**TASK DETAILS**
Transcribe nothing but the lines from the one with "Lengths in meters, angles" to the end of the entries, both included, keeping each exact and leaving every picture out.
PROVIDED ENTRIES section start
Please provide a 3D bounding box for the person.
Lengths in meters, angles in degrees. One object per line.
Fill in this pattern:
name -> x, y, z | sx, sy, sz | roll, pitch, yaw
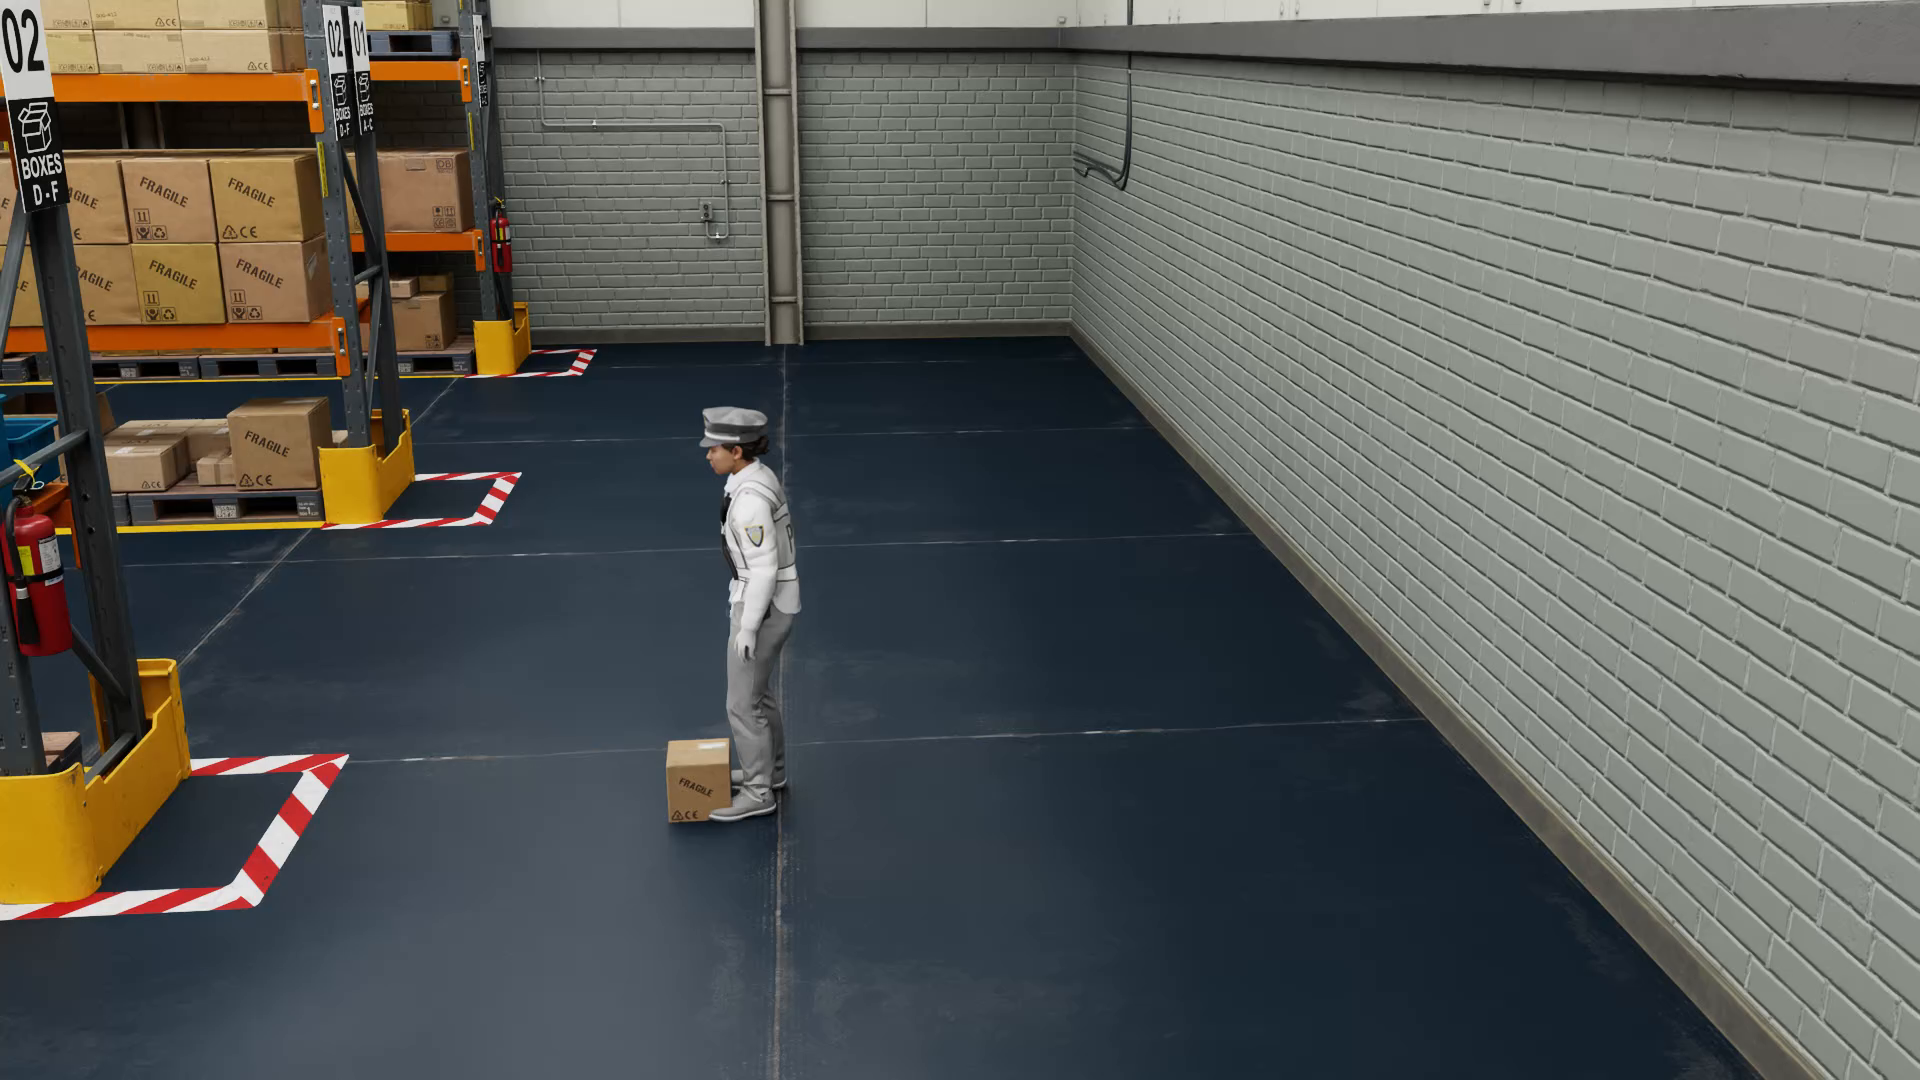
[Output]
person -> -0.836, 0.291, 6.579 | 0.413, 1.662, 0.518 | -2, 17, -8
PROVIDED ENTRIES section end
**EXERCISE RESPONSE**
Lengths in meters, angles in degrees. One object per line.
Fill in this pattern:
name -> x, y, z | sx, sy, sz | roll, pitch, yaw
[Output]
person -> -0.836, 0.291, 6.579 | 0.413, 1.662, 0.518 | -2, 17, -8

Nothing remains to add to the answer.